Contra o oportunismo

Juntamente à consternação diante da inesperada crise global que tomou o mundo de assalto nesse ano, disseminou-se um discurso que mantinha os olhos fixos à luz no fim do túnel. Esta, para os mais otimistas, seria não apenas a saída futura, mas, de certa forma, um novo tempo, no qual não apenas estaria sanada a pandemia, com uma série de problemas que afligiam as sociedades antes dela. O mundo sairia melhor, mais solidário, atento ao bem comum.

É cedo para falar do fim da pandemia, quando a corrida pela criação de vacinas ainda não está encerrada, nem há perspectivas claras de sua produção e da imunização massiva das populações. E é igualmente precipitada a hora para atestar se a luz no fim do túnel concretizará as projeções e desejos dos mais otimistas. O que pode atestar é que nenhuma mudança se dará sem esforço, trabalho e engenhosidade; e, ainda, que velhos hábitos não se transformam facilmente, como é o caso da corrupção.

O tema, recorrente quando a pauta é a política nacional, em todos os seus âmbitos, tornou-se mais uma vez objeto de escrutínio durante o enfrentamento da pandemia. Não tardou para que surgissem indícios, de par a par no País, de que ações para conter a disseminação da doença e para dar suporte aos pacientes mais graves fossem usadas de forma deturpada, em benefício de pessoas ou grupos.

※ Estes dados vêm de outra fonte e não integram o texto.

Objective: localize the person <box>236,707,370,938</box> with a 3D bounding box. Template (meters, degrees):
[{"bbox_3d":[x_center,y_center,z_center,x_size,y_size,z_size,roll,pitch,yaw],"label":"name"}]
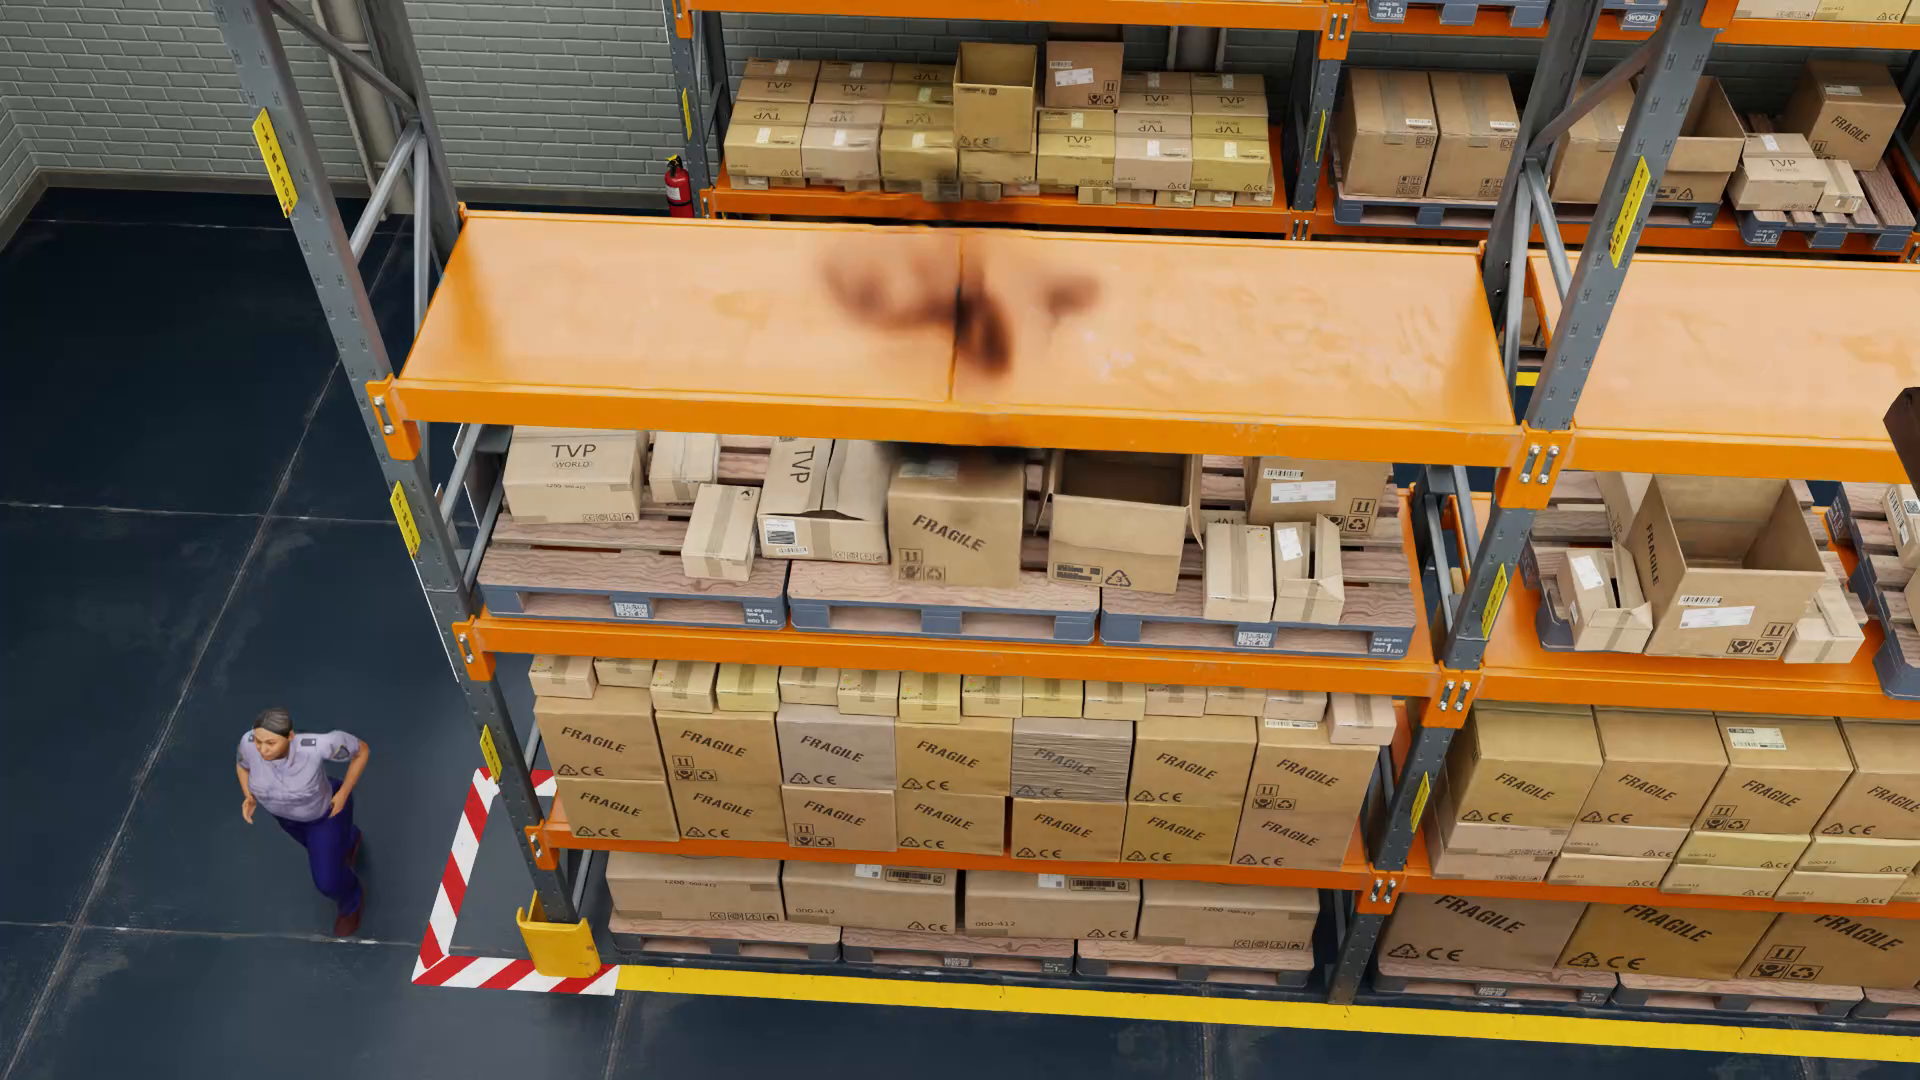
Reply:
[{"bbox_3d":[-3.262,1.409,8.443,0.608,1.628,0.654,11,49,10],"label":"person"}]

Traz as marcas do momento que o Brasil vive projeto de lei que deve ser votado, nessa semana, no Plenário da Câmara dos Deputados. O texto propõe o aumenta as penas de vários tipos de crimes ligados ao desvio de recursos públicos destinados ao enfrentamento de estado de calamidade pública. A pandemia da Covid-19 é, obviamente, o caso exemplar e motor da pauta a ser debatida pelos parlamentares.

No PL 1485/20, é determinada que a pena de reclusão por associação criminosa, que vai de 1 a 3 anos, seja aplicada em dobro, quando se constatar que o desvio de recursos aconteceu durante estado excepcional como o que hoje se vive. Seriam dobradas, ainda, penas previstas no Código Penal para crimes contra a administração pública, em iguais condições, caso do emprego irregular de verbas públicas (detenção de 1 a 3 meses) e corrupção passiva (de 2 a 12 anos).

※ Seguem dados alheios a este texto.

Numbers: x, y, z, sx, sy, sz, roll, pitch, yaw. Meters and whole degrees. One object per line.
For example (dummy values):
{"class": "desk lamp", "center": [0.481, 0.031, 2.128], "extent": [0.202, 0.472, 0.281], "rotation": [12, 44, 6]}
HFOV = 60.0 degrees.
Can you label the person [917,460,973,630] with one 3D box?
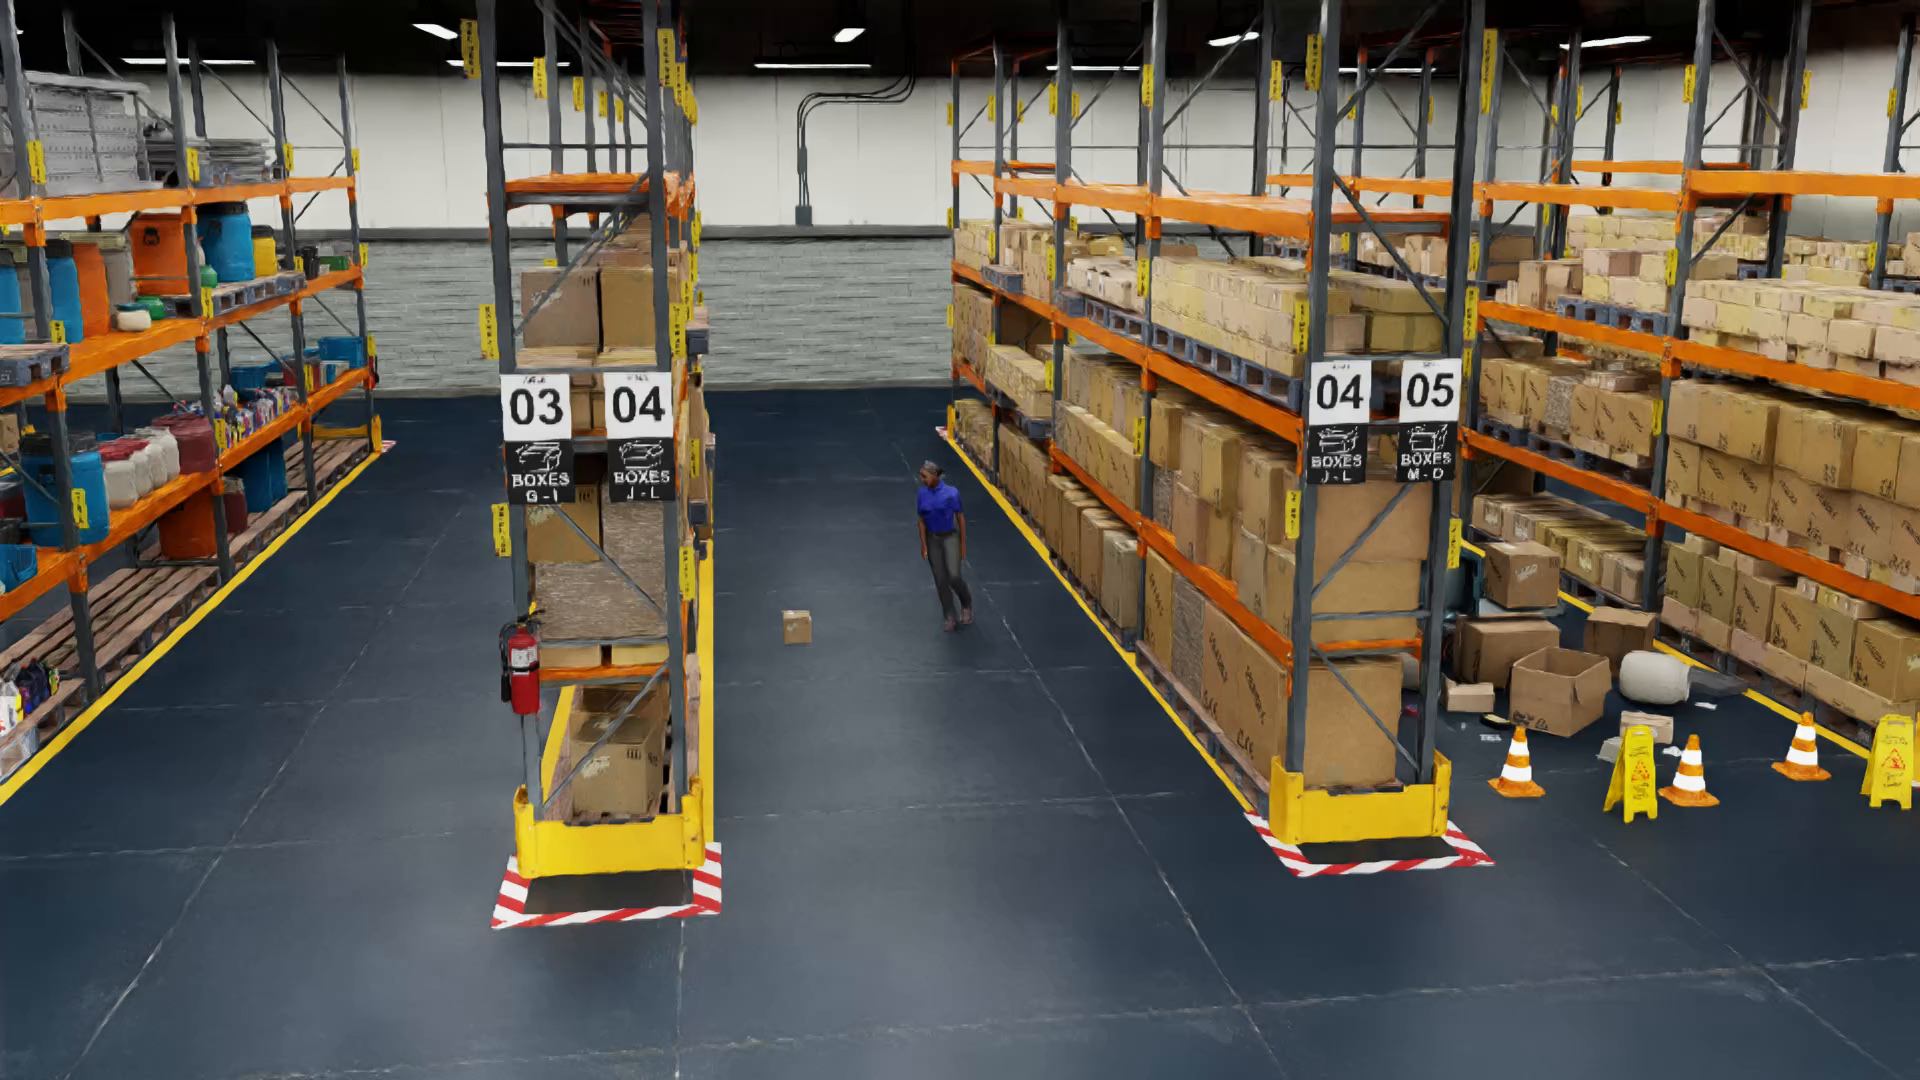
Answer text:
{"class": "person", "center": [-0.159, 0.038, 15.860], "extent": [0.530, 1.634, 0.453], "rotation": [5, 14, 21]}

A discussão entre parlamentares é importante, e alerta à necessidade de que se faça cumprir as leis, sem interferências externas para atender interesses políticos, quaisquer que sejam. A corrupção é inoportuna a qualquer hora, em toda e qualquer situação. É inadmissível e jamais deve ser normalizada ou minimizada, dados seus efeitos inegavelmente nocivos e de seu potencial para agravar as desigualdades e injustiças.

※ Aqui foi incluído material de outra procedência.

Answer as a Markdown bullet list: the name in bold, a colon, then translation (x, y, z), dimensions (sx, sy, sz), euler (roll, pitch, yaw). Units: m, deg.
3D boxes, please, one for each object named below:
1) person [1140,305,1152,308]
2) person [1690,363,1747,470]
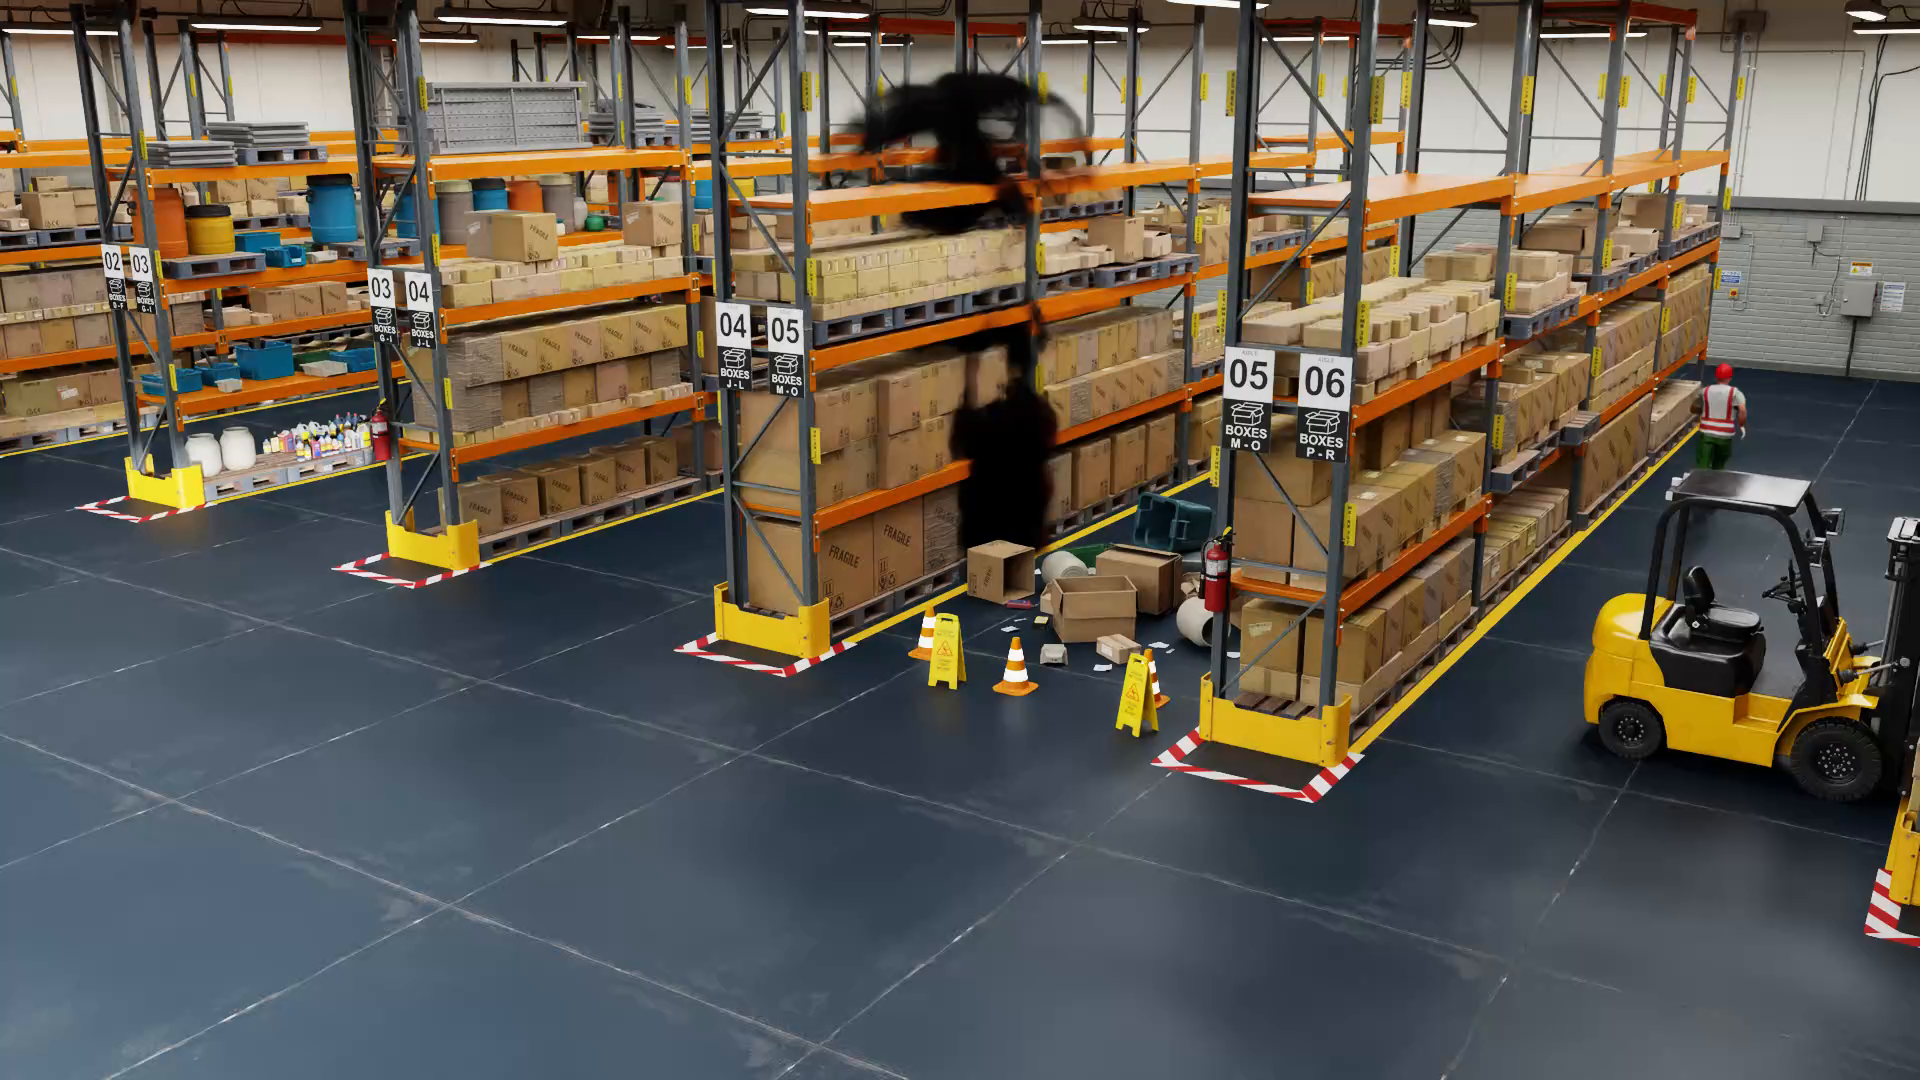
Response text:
- **person**: translation (2.914, -2.761, 25.857), dimensions (0.687, 1.803, 0.863), euler (11, 19, 34)
- **person**: translation (9.260, -1.283, 20.385), dimensions (0.662, 1.770, 0.993), euler (9, 18, 28)

A corrupção representa a captura da máquina pública, por grupos políticos e econômicos, desviando-a de sua função, beneficiando ilegitimamente uma minoria, em prejuízo da maioria. Seu efeito direto é induzir a privação de recursos para setores essenciais à promoção da cidadania. No caso de uma grave crise sanitária, como a pandemia da Covid-19, as consequências de tais atos podem estar diretamente ligadas a mortes de pessoas. Dias melhores precisam ser socialmente construídos e, para o bem do coletivo, tais desvios de rota não podem ser admitidos.